** The records follows **

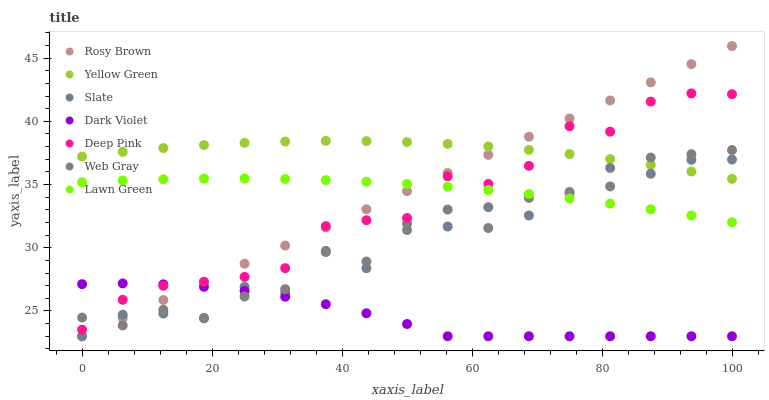Does Dark Violet have the minimum area under the curve?
Answer yes or no. Yes. Does Yellow Green have the maximum area under the curve?
Answer yes or no. Yes. Does Web Gray have the minimum area under the curve?
Answer yes or no. No. Does Web Gray have the maximum area under the curve?
Answer yes or no. No. Is Rosy Brown the smoothest?
Answer yes or no. Yes. Is Slate the roughest?
Answer yes or no. Yes. Is Web Gray the smoothest?
Answer yes or no. No. Is Web Gray the roughest?
Answer yes or no. No. Does Slate have the lowest value?
Answer yes or no. Yes. Does Web Gray have the lowest value?
Answer yes or no. No. Does Rosy Brown have the highest value?
Answer yes or no. Yes. Does Web Gray have the highest value?
Answer yes or no. No. Is Dark Violet less than Yellow Green?
Answer yes or no. Yes. Is Lawn Green greater than Dark Violet?
Answer yes or no. Yes. Does Web Gray intersect Yellow Green?
Answer yes or no. Yes. Is Web Gray less than Yellow Green?
Answer yes or no. No. Is Web Gray greater than Yellow Green?
Answer yes or no. No. Does Dark Violet intersect Yellow Green?
Answer yes or no. No.

** End of The records **

# [Assignment]
Please repeat, exactly and only, the lines from the one containing "Answer yes or no. Yes. Does Web Gray intersect" through the last line of the records, both included.

# [Result]
Answer yes or no. Yes. Does Web Gray intersect Yellow Green?
Answer yes or no. Yes. Is Web Gray less than Yellow Green?
Answer yes or no. No. Is Web Gray greater than Yellow Green?
Answer yes or no. No. Does Dark Violet intersect Yellow Green?
Answer yes or no. No.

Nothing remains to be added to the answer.